By embracing OSS, you can show developers that you’re committed to helping the tech community and you’re also open to their contributions. DevRel teams can contribute by fixing any issues or bugs and adding new features to projects.
There’s also the option for DevRel to create content to support open-source projects, such as documentation, blog posts, tutorials, articles, and videos. This content can equip developers with the knowledge and best practices they need to use a particular product and help them gain a more in-depth understanding of open-source.
By supporting open-source projects, DevRel encourages developers to collaborate with others, share new ideas, and find solutions to challenges. They can also help developers to streamline workflows, enhance their skills, and deliver quick results.
Establish a DevRel team
As the dev population continues to grow at a steady rate, it’s a good idea to hire a DevRel team that’ll be fully dedicated to fostering relationships and engaging with developers.
Your DevRel team should have well-defined roles and responsibilities, and possess skills such as technical knowledge, community building, empathy, content creation, and strong communication.
A high-functioning DevRel team can help to grow brand awareness, provide genuine value to the developer community through technical support and educational resources, and cultivate brand advocates to enhance their organization’s reputation.
Build a community
Community development and engagement are instrumental to successful developer relations. A community provides a platform for developers to share their feedback and insights, which helps you to understand their wants, needs, and pain points, and refine your product accordingly.
Attending meetups, participating in open-source projects, and getting involved in online forums can help you develop vital community-building skills and gain valuable insights into the developer mindset.
To create an active community, you must offer developers value through in-depth technical content and resources. It’s also beneficial to organize meetups, events, and hackathons to foster engagement and stronger relationships. Make sure you provide a space that developers can navigate easily, and where they can offer feedback and have their voices heard.
Building a community is a long-term commitment. To be successful, you have to put in consistent effort, be patient, listen to developers’ needs, and be invested in facilitating supportive relationships and collaboration between community members.
Measure and iterate
Like any marketing initiative, it’s important to track the progress of your DevRel efforts.

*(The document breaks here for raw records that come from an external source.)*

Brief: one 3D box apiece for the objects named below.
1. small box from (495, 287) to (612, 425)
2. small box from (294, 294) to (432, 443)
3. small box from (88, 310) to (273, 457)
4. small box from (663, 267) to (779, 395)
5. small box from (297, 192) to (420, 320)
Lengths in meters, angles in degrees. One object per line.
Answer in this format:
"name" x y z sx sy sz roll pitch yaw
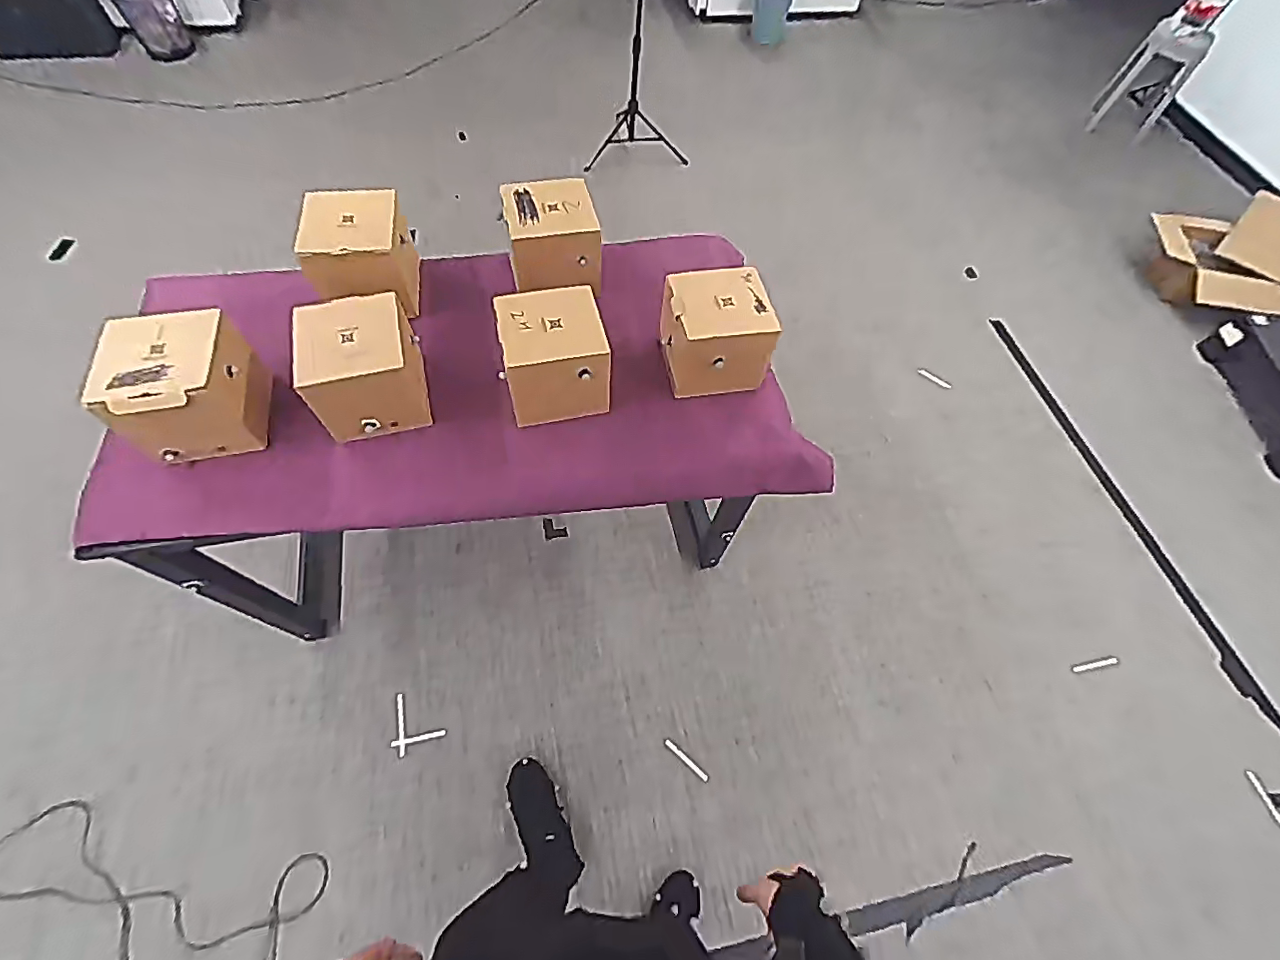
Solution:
"small box" -0.155 -0.221 0.985 0.179 0.176 0.168 -11 62 -10
"small box" -0.477 -0.192 0.946 0.168 0.176 0.179 -14 63 -10
"small box" -0.744 -0.152 0.901 0.168 0.176 0.179 -10 62 -10
"small box" 0.143 -0.279 1.039 0.179 0.176 0.168 -8 63 -7
"small box" -0.543 -0.438 1.069 0.168 0.176 0.179 -6 63 -9

Measure and monitor key metrics such as developer engagement, retention, product usage, Net Promoter Score (NPS), and qualified leads to make sense of what’s working and what’s not.
Use the data you’ve collected to understand developers’ preferences, make improvements to your products, and tap into new, unexplored opportunities.
DevRel is more than just a way to bridge the gap between companies and developers. It’s a vital strategic initiative that can accelerate growth and instill trust and loyalty in your target audience.
By implementing the DevRel best practices listed in this article, companies can successfully create deeper connections with developers, gain valuable insights to improve their products or services, and foster an active community of brand advocates.